The service was launched just a year ago. In addition to networking services, it offered access to millions of public documents, including patent documents from the U.S., Europe, Japan, Korea and the WIPO. The patent database had a nice interface and excellent tools for analyzing search results, but the search engine had significant problems understanding patent classification codes, which greatly limited its usefulness.

Boliven wasn't the first free patent database to offer analytical tools. WIPO's PatentScope database introduced them in 2006. Last year FreePatentsOnline launched a cool map mash-up called that maps U.S. patents by geographic location.

Although I really enjoyed using the analytical tools, Boliven's business model never made sense to me. After all, there are already plenty of free and commercial patent databases and networking sites. In May, after allowing users to test the site for free for a few months, it announced that it would start charging for access to its databases. A few weeks later it did an about-face and announced that members would continue to have free access.

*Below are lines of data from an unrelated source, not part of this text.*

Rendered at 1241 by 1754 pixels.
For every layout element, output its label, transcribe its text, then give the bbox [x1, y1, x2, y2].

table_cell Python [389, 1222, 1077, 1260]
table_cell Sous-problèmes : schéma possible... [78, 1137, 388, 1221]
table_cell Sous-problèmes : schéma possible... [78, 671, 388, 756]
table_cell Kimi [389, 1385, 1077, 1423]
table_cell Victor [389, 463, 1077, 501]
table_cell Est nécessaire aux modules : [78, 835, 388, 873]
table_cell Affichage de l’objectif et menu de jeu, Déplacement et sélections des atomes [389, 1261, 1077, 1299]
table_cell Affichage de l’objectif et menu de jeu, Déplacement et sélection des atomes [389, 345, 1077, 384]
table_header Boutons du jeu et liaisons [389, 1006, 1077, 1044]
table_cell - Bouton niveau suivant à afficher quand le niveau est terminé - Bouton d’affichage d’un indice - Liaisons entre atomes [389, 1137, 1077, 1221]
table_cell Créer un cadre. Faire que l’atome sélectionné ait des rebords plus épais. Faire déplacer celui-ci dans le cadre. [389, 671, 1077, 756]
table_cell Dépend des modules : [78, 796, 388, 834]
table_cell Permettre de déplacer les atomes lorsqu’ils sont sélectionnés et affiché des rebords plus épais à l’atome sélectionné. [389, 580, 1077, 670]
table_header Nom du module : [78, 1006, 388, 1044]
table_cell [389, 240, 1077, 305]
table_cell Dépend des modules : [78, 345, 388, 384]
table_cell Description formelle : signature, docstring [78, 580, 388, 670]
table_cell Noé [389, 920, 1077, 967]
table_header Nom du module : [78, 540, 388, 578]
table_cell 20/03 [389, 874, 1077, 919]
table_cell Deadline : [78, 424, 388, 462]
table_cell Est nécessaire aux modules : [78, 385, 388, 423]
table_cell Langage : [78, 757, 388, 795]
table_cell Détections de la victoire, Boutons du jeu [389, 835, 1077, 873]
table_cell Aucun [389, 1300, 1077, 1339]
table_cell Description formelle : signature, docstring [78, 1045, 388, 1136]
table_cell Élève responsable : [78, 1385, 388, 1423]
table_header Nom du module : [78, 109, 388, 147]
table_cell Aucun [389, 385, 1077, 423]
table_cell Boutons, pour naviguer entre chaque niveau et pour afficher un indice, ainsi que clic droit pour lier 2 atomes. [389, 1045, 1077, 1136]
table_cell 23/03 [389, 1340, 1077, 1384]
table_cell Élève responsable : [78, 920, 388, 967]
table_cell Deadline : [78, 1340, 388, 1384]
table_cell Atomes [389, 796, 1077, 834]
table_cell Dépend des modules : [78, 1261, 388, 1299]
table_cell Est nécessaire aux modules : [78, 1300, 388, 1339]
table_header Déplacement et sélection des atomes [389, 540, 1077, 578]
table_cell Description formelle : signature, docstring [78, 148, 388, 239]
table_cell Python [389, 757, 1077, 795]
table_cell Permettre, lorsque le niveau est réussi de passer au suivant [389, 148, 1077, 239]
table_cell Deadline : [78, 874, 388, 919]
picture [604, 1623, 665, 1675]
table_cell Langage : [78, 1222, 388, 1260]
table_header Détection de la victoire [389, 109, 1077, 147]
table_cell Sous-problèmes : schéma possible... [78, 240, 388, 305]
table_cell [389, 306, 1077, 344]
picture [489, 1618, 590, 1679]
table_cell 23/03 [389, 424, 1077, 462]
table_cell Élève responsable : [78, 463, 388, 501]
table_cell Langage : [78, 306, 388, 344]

Thursday, January 07, 2010

Wikipedia Citations in Patents Up 59 Percent

The number of U.S. patents issued last year that contain one or more references to Wikipedia articles totalled 809, a 59 percent jump from 2008. Several years ago the USPTO banned patent examiners from using Wikipedia as a source of information for determining patentability of inventions. However, examiners and applicants continue to cite it. Wikipedia articles represent only a fraction of interet resources cited in patents. More than 17,000 U.S. patents issued last year have one or more cited references containing a URL.